The total carbon stock in the forests of Khyber Pakhtunkhwa was estimated at 144.714 million tons with average of 127.66 ± 9.32 t/ha. Aboveground carbon stock is 68.15 million tons (60 t/ha) making 48% of the total carbon stock. Total soil organic carbon in the forests of KP is 59.42 million tons (52 t/ha) making 41% of the total carbon stock. The remaining carbon stock is in belowground biomass (10%) and litter (1%). Dead wood is not a significant pool in Khyber Pakhtunkhwa’s forests because it is frequently collected for firewood and, thus, not accumulated in the forests.

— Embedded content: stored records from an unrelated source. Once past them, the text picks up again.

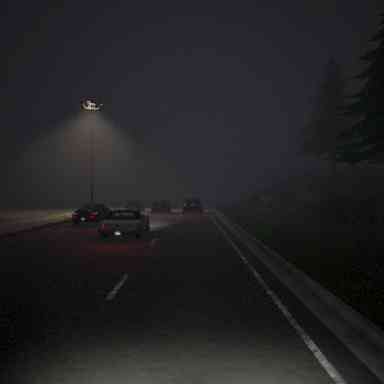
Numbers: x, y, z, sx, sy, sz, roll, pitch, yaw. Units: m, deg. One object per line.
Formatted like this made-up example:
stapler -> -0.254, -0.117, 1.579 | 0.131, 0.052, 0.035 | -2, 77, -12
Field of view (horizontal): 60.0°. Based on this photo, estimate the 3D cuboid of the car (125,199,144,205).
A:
car -> -6.857, 1.526, 39.817 | 1.812, 1.442, 4.674 | 0, 0, 1

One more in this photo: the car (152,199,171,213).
car -> -3.388, 1.477, 37.161 | 1.882, 1.535, 5.008 | 0, 0, 0

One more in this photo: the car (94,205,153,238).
car -> -3.397, 1.601, 17.478 | 1.895, 1.301, 4.718 | 0, 0, 0

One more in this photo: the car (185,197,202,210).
car -> 0.271, 1.491, 44.578 | 2.128, 1.511, 4.902 | 0, 0, 2

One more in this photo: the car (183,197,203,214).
car -> 0.101, 1.352, 35.367 | 2.097, 1.767, 4.553 | 0, 0, 0

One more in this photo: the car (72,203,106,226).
car -> -6.898, 1.526, 23.363 | 1.812, 1.442, 4.674 | 0, 0, 0
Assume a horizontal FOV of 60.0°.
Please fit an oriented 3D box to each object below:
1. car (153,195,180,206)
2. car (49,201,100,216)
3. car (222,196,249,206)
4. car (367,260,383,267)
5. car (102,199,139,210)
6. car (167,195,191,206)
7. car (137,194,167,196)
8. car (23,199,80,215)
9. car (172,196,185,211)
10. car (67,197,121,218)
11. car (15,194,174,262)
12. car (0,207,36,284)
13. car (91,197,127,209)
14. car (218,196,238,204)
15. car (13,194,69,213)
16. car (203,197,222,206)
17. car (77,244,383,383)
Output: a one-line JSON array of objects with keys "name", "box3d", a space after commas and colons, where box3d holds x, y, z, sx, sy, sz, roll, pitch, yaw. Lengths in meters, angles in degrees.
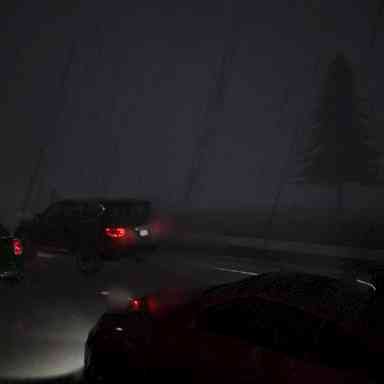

The highest amount of carbon stock is present in temperate forests (79%) followed by subtropical pine forests (7%). Subalpine and oak forests have 4% and 5% shares in the total carbon stock respectively, whereas subtropical broad-leaved forests have 6% share in the total stock. Dry tropical thorn forests have less than 1% share in the total carbon stock of Khyber Pakhtunkhwa.

The aboveground biomass is the most important pool of carbon in a forest ecosystem. The mean aboveground carbon stock in the forests of Khyber Pakhtunkhwa is estimated at 59.98 ± 4.26 t/ha. The highest aboveground carbon stock was found in dry temperate forests as 99.41 t/ha, followed by moist temperate as 85.04 t/ha. As a whole, temperate forests have aboveground carbon stock of 90.52 t/ha. In subalpine forests and oak forests, the mean aboveground carbon stocks were 34.27 t/ha and 34.58 t/ha respectively. In subtropical pine forests, the aboveground carbon stock was calculated as 24.77 t/ha. Similarly, in subtropical broad-leaved evergreen forests and dry tropical thorn forests, the aboveground carbon stocks are 4.52 t/ha and 4.48 t/ha respectively.

The forests of Khyber Pakhtunkhwa are mostly young and, therefore, have high potential for carbon sequestration and climate change mitigation under REDD+ and other carbon trading schemes. It is, therefore, recommended to manage these forests for carbon sequestration and climate change mitigation. Soil carbon is an important pool of carbon in the subalpine and temperate forests of the study area. Any activity involving soil disturbance, such as agricultural expansion or mining in this zone, will result in high amount of carbon emissions. It is, therefore, recommended to avoid such activities in these forest areas.